I started to take it apart and he hot paint on the bottom of tanks whats a good way to get the paint off without ruinen the tanks any idears would be greatful. Thanks Al


----------



## AmFlyer (Mar 16, 2012)

Even after you clean the tanks the decals, handrails and ladders are still missing. Have you considered buying two 625 Gulf tank cars and using those parts? They would not cost more than $15ea.


----------



## alaft61ri (Oct 11, 2019)

No i didnt but i ordered what i needed the house and roof r missing to did get some paint off with dawn luke warm water and very soft tooth brush.
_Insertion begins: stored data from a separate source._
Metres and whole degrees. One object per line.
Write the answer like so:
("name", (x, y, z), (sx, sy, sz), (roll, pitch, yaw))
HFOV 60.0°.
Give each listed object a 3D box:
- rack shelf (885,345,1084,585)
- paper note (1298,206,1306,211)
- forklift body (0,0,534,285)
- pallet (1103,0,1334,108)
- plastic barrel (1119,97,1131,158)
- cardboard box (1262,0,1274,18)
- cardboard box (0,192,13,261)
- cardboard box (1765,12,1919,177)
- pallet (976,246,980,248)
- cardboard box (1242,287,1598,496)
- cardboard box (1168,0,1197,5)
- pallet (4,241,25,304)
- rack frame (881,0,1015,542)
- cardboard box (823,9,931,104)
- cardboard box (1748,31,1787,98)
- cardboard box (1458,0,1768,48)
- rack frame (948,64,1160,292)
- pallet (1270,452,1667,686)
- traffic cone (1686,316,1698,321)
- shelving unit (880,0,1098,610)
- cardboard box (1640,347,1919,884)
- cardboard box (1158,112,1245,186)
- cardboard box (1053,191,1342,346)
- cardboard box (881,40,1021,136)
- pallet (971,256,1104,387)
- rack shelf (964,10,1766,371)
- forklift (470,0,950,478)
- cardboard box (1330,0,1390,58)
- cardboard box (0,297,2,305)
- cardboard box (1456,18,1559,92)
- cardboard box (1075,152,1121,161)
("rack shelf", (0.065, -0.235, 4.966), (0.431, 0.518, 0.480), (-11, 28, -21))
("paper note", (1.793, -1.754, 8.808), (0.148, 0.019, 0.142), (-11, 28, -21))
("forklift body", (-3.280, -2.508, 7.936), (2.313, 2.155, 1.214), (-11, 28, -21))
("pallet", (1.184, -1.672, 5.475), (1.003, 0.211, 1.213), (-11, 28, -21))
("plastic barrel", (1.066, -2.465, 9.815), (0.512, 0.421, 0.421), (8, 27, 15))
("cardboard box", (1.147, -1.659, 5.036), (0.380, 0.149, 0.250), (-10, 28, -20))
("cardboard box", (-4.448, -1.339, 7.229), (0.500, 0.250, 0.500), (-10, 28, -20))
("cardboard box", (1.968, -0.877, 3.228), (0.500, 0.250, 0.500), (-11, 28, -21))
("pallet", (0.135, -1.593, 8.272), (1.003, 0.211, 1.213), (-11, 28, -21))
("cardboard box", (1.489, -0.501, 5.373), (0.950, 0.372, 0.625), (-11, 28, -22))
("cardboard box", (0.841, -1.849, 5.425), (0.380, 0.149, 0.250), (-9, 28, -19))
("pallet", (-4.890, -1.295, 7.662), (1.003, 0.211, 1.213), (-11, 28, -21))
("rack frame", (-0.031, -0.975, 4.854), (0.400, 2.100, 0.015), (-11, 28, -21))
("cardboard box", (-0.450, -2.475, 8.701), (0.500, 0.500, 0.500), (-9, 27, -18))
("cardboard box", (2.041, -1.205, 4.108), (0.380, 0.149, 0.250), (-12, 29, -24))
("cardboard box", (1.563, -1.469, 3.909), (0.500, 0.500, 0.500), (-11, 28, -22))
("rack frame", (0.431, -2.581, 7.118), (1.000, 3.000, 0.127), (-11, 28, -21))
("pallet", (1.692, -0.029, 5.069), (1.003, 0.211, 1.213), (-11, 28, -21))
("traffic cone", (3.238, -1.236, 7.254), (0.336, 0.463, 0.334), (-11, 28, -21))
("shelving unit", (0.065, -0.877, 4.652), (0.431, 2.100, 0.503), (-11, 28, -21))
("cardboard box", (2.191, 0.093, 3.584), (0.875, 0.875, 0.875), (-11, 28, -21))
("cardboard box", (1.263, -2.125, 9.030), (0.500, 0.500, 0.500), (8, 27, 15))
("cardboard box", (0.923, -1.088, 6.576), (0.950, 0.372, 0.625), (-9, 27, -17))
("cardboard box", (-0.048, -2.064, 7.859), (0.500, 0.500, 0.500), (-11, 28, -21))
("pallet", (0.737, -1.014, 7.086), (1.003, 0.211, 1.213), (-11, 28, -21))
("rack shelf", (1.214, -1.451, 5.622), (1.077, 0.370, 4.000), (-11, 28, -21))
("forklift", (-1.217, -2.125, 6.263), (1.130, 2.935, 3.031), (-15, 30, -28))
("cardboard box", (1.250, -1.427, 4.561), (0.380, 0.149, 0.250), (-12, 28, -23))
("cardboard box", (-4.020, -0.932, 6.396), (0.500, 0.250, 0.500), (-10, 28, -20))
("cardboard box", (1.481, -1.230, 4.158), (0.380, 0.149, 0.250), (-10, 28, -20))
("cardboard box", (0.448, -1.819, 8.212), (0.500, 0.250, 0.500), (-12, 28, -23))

Paid 30.00 with shipping 768g didnt cost me anything he was going to dump it. So i said i will take it. Thanks for the i dear.

Al


----------



## mopac (Feb 24, 2011)

I do not believe soap will take the silver paint off. I like Tom's idea of buying 2 Gulf tank cars to replace
the tanks. You will have the decals and railings and ladders already in place. That will give you some extra
trucks and wheels also. A Gulf depot is on my want list. They are not cheap. Decent one will run 100.00.


----------



## alaft61ri (Oct 11, 2019)

Year i know it was just get lucky once in a while when o went to hobby shop to ck out other things he had that. Like i said he was going to toss it. So i took it. It is a good idea what tom said . parts r on there way.
Thanks Al


----------



## Big Ed (Jun 16, 2009)

For those wondering what's it looks like here, American Flyer Oil Supply Depot #768G, Gulf tanks, green base C-7 Showing age. | #458859252
Looks like the tanks should come off?


----------



## alaft61ri (Oct 11, 2019)

Have tanks off already that how i saw the green paint underneath and some spots on end have repaint base to and the oil fillers not exactly the name of them there painted silver on mine should be black. Like a challenge. Wish i didnt have to but no choice. Thanks for the picture Big Ed. 
Al


----------



## AFGP9 (Apr 8, 2015)

Al I agree with Tom and mopac, get two 625 Gulf cars. Cheap way to go. Just make sure the Gulf decals aren't messed up. Good ones sell cheap on eBay because there were so many made. Too bad there aren't any train shows. No freight to pay. 

Kenny.


----------



## alaft61ri (Oct 11, 2019)

I know i will look on ebay i just found from the vender i buy parts and other suff. that the train show in January has been canceled the one in springfield mass. That sucks because thats the only show that comes around my area. And that show is 2 1/2 hours from house i look forward for it every year.
.


----------



## AFGP9 (Apr 8, 2015)

Gee a train show cancellation. Naturally. Bummer Al.


----------